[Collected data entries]
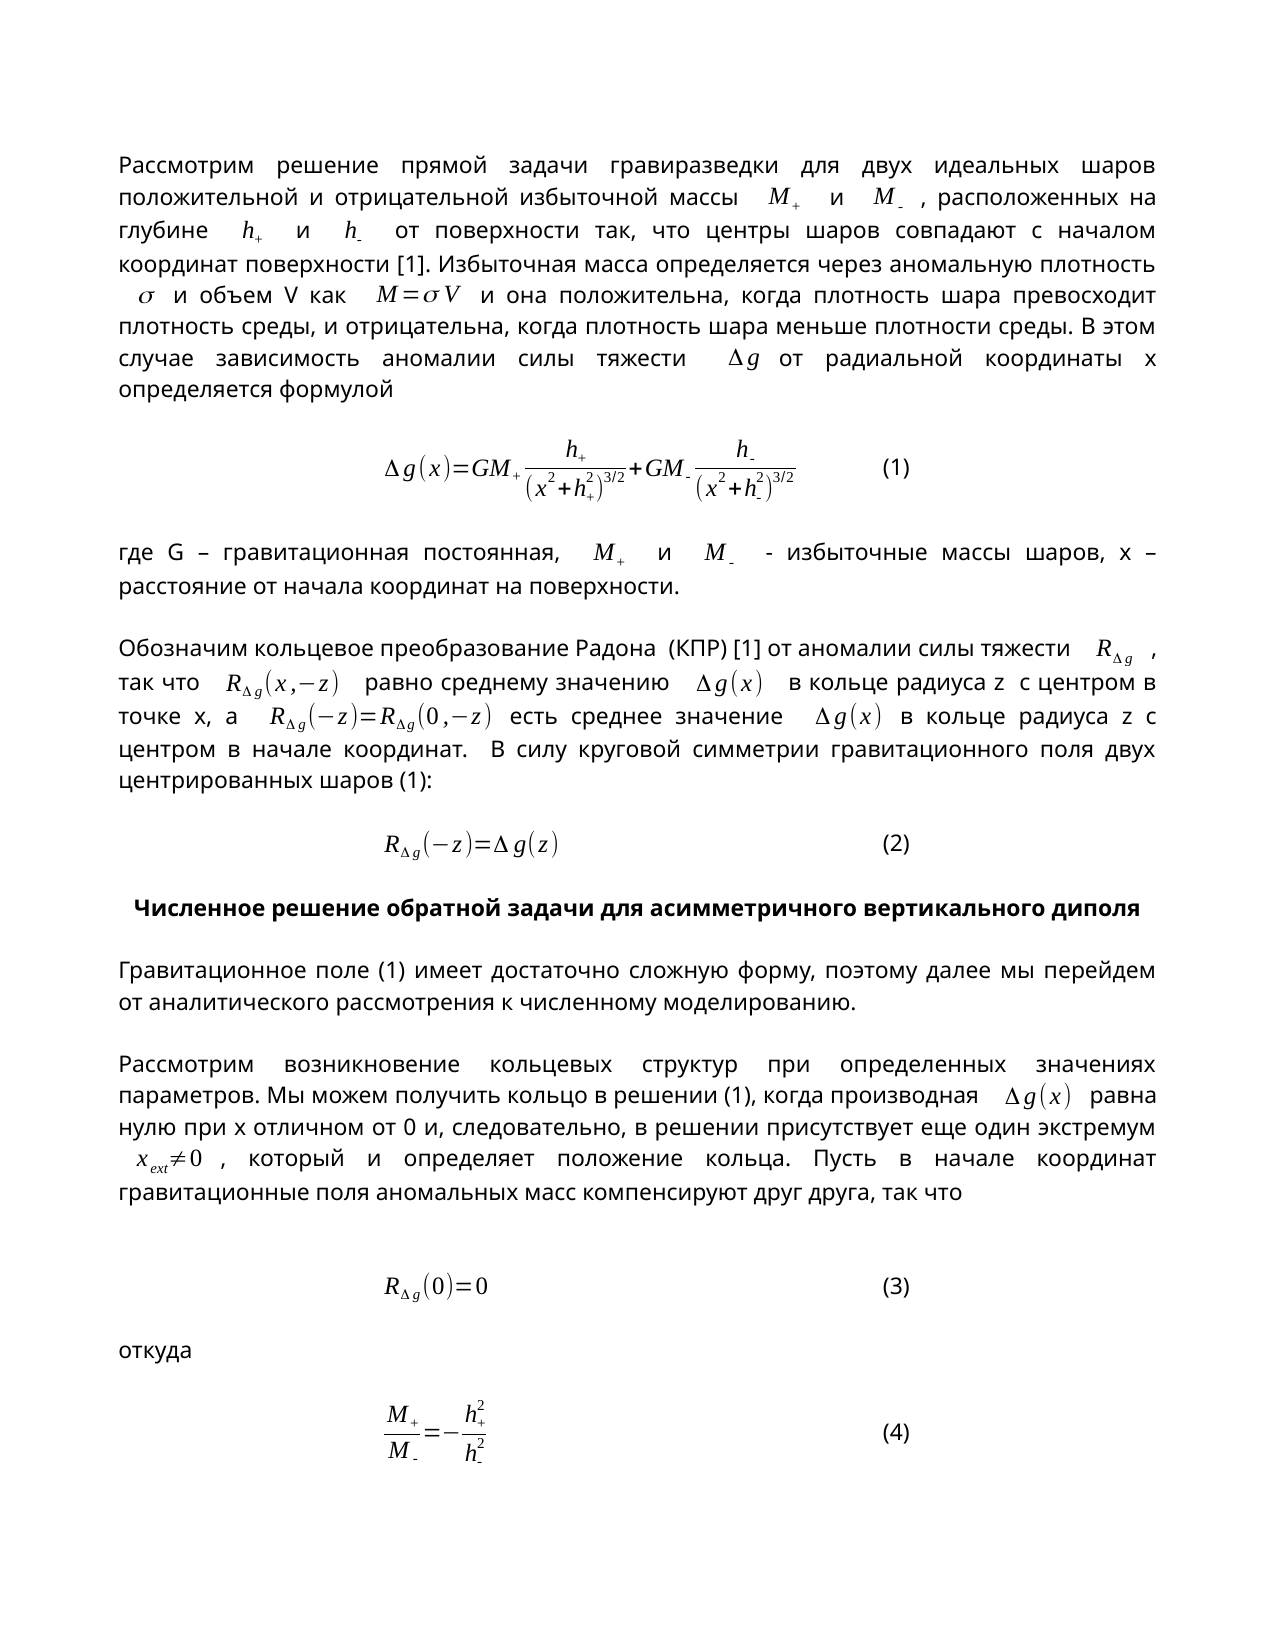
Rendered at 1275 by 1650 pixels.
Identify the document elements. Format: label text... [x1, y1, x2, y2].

text (1) [118, 435, 1157, 505]
text где G – гравитационная постоянная, и - избыточные массы шаров, x – расстояние от начала координат на поверхности. [118, 536, 1157, 601]
text Рассмотрим решение прямой задачи гравиразведки для двух идеальных шаров положительной и отрицательной избыточной массы и , расположенных на глубине и от поверхности так, что центры шаров совпадают с началом координат поверхности [1]. Избыточная масса определяется через аномальную плотностьи объем V как и она положительна, когда плотность шара превосходит плотность среды, и отрицательна, когда плотность шара меньше плотности среды. В этом случае зависимость аномалии силы тяжести от радиальной координаты x определяется формулой [118, 149, 1157, 404]
text Численное решение обратной задачи для асимметричного вертикального диполя [118, 892, 1157, 923]
text Обозначим кольцевое преобразование Радона (КПР) [1] от аномалии силы тяжести , так что равно среднему значению в кольце радиуса z с центром в точке x, а есть среднее значение в кольце радиуса z с центром в начале координат. В силу круговой симметрии гравитационного поля двух центрированных шаров (1): [118, 632, 1157, 796]
text (4) [118, 1397, 1157, 1470]
text (3) [118, 1269, 1157, 1303]
text (2) [118, 827, 1157, 861]
text Гравитационное поле (1) имеет достаточно сложную форму, поэтому далее мы перейдем от аналитического рассмотрения к численному моделированию. [118, 954, 1157, 1017]
text Рассмотрим возникновение кольцевых структур при определенных значениях параметров. Мы можем получить кольцо в решении (1), когда производная равна нулю при x отличном от 0 и, следовательно, в решении присутствует еще один экстремум , который и определяет положение кольца. Пусть в начале координат гравитационные поля аномальных масс компенсируют друг друга, так что [118, 1048, 1157, 1207]
text откуда [118, 1334, 1157, 1366]

**WHAT THE EXERCISE ASKS:** If an entry above holds a picture, leave that picture out and print the rest exactly.

**SOLUTION FOR THIS EXERCISE:**
Rendered at 1275 by 1650 pixels.
Identify the document elements. Format: label text... [x1, y1, x2, y2].

text (1) [118, 435, 1157, 505]
text где G – гравитационная постоянная, и - избыточные массы шаров, x – расстояние от начала координат на поверхности. [118, 536, 1157, 601]
text Рассмотрим решение прямой задачи гравиразведки для двух идеальных шаров положительной и отрицательной избыточной массы и , расположенных на глубине и от поверхности так, что центры шаров совпадают с началом координат поверхности [1]. Избыточная масса определяется через аномальную плотностьи объем V как и она положительна, когда плотность шара превосходит плотность среды, и отрицательна, когда плотность шара меньше плотности среды. В этом случае зависимость аномалии силы тяжести от радиальной координаты x определяется формулой [118, 149, 1157, 404]
text Численное решение обратной задачи для асимметричного вертикального диполя [118, 892, 1157, 923]
text Обозначим кольцевое преобразование Радона (КПР) [1] от аномалии силы тяжести , так что равно среднему значению в кольце радиуса z с центром в точке x, а есть среднее значение в кольце радиуса z с центром в начале координат. В силу круговой симметрии гравитационного поля двух центрированных шаров (1): [118, 632, 1157, 796]
text (4) [118, 1397, 1157, 1470]
text (3) [118, 1269, 1157, 1303]
text (2) [118, 827, 1157, 861]
text Гравитационное поле (1) имеет достаточно сложную форму, поэтому далее мы перейдем от аналитического рассмотрения к численному моделированию. [118, 954, 1157, 1017]
text Рассмотрим возникновение кольцевых структур при определенных значениях параметров. Мы можем получить кольцо в решении (1), когда производная равна нулю при x отличном от 0 и, следовательно, в решении присутствует еще один экстремум , который и определяет положение кольца. Пусть в начале координат гравитационные поля аномальных масс компенсируют друг друга, так что [118, 1048, 1157, 1207]
text откуда [118, 1334, 1157, 1366]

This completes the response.